MORICZ, Zsigmond (Sigismondo)
Romanziere e drammaturgo ungherese, nato il 30 giugno 1879 a Csécse. Fu dapprima impiegato ministeriale, e passò poi al giornalismo, diventando redattore della rivista letteraria Nyugat (Occidente).
M. rimane nelle numerose opere il poeta della sua razza magiara, della vita del suo popolo. La sua arte è legata per lo più a certi ambienti e personaggi tipici, determinati dalla vita soffocante del villaggio e della piccola città, vita che egli cerca spesso di caratterizzare con un crudo naturalismo erotico. I più notevoli lavori di tale genere sono i romanzi Sararany (Oro puro, 1910) e A galamb papné (La dolce moglie del predicatore, 1912). Questi romanzi rivelano il talento dell'autore nell'osservare il mondo con realismo obiettivo, privo di quell'esagerazione romantica nel disegno dell'ambiente, che si nota nelle sue prime opere, specie in Hét krajcár (Sette soldi, 1909). Più tardi M. preferisce scene piene di selvagge energie, di figure sottomesse alla forza irresistibile dell'istinto, come nel Kerek Ferkó (F. K., 1914), A fáklya (La fiaccola) e Isten háta mögöt (Ai confini del mondo, 1911).

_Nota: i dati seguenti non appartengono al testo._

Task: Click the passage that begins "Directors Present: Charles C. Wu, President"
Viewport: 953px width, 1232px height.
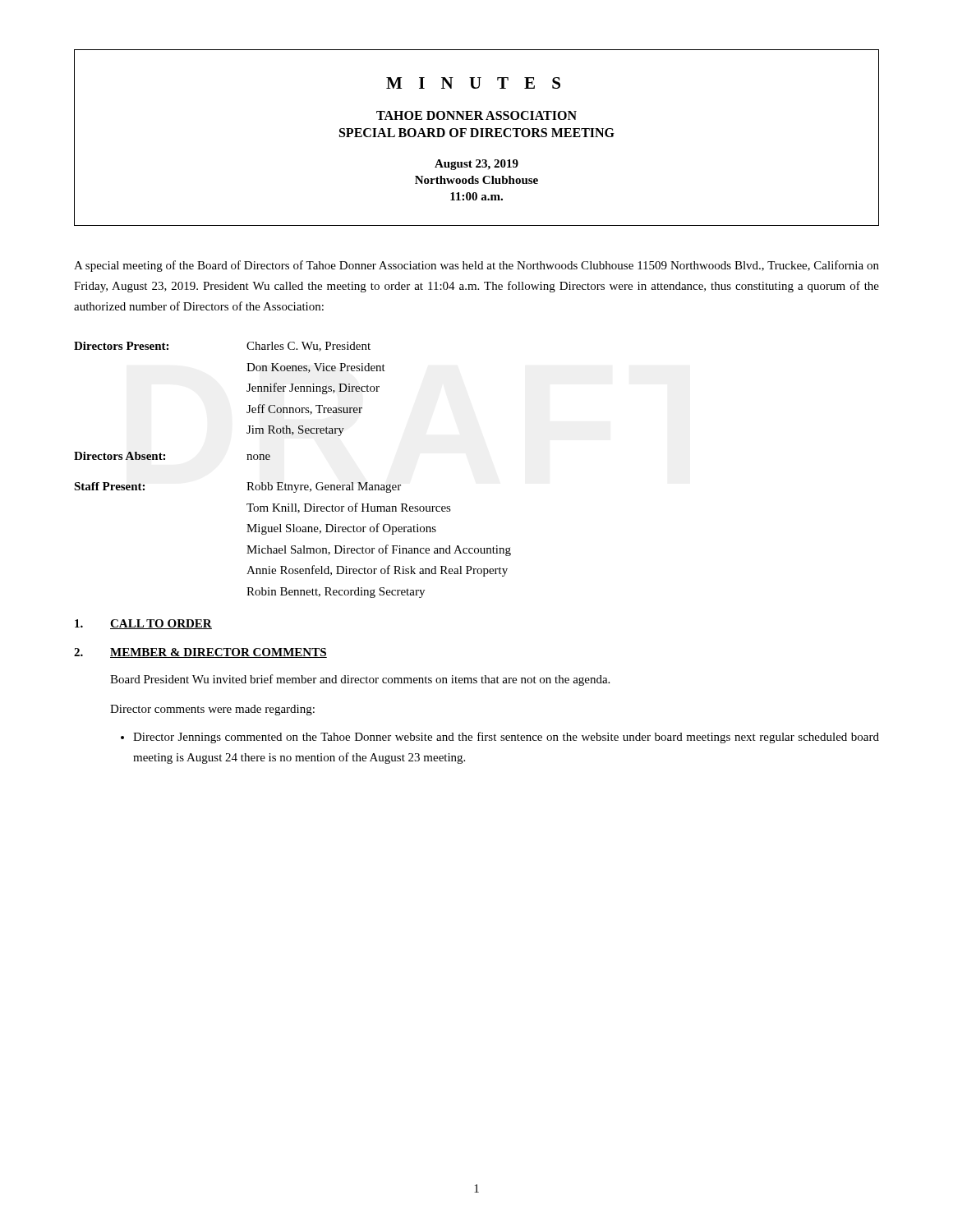Action: click(118, 346)
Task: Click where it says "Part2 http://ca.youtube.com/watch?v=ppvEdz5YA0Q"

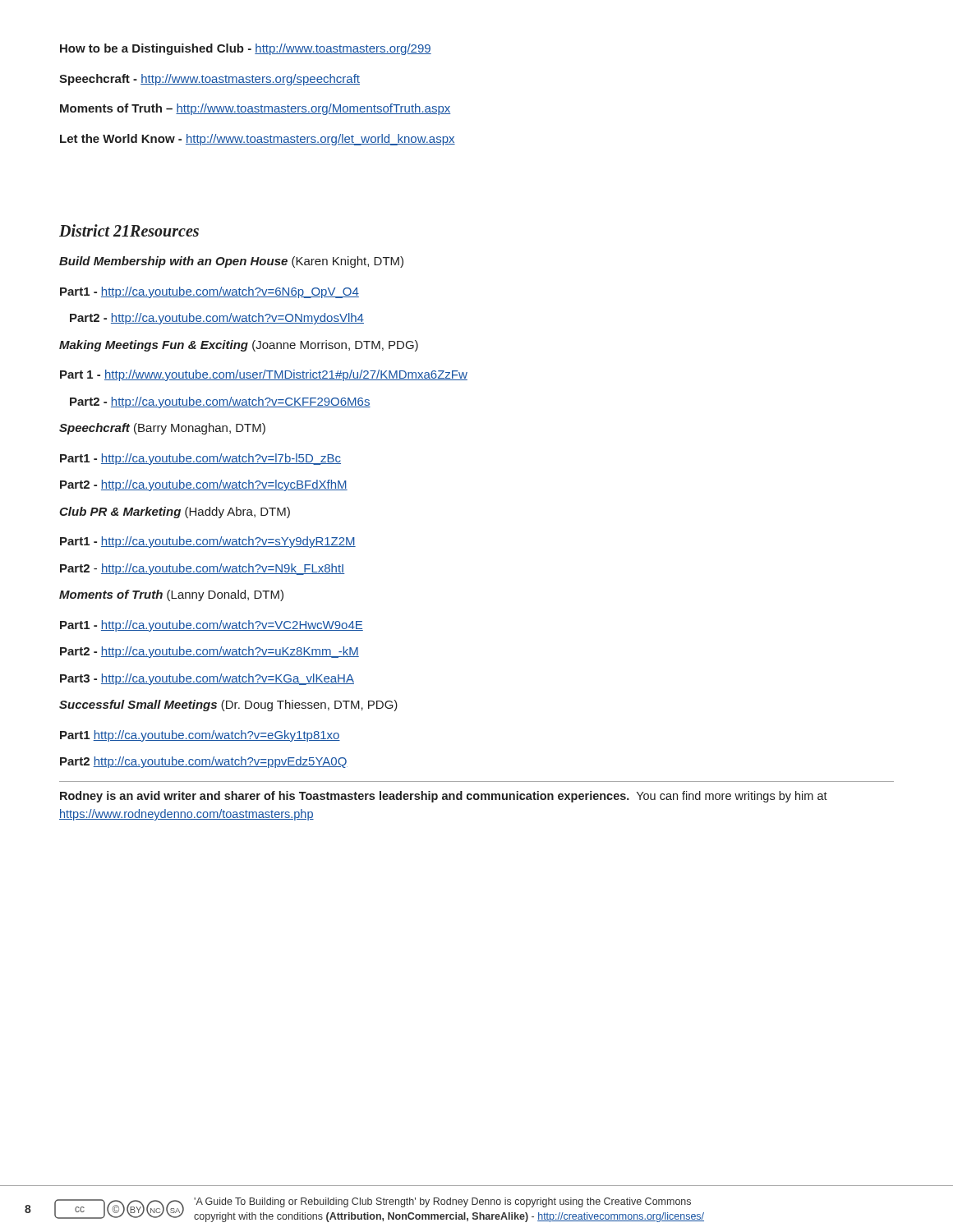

Più spiccati pregi artistici hanno il romanzo idillico Pillangó (Farfarella, 1925), il romanzo storico Tündérkert (Il giardino incantato, 1922) e il commovente romanzo, ricco di poesia, di uno scolaro, Légy jó mindhálalig (Sii buono fino alla morte, 1923). Fra i romanzieri ungheresi contemporanei M. si distingue per il suo talento robusto e il temperamento appassionato, per la forza elementare di caratterizzare e di raccontare, e per il linguaggio puro e potente. Meno riuscite sono le sue opere drammatiche (A vadkan, Il cinghiale, 1927; Búzakalász, Spiga), ma molto successo ebbe la commedia Sári bíró (Il giudice S.).
Bibl.: N. Várkonyi, A modern magyar irodalom (La letteratura moderna ungherese); Pécs s. a., con ricca bibliografia; B. Halmi, M. Zs., az iró és az ember (S. M. lo scrittore e l'uomo), Budapest 1930.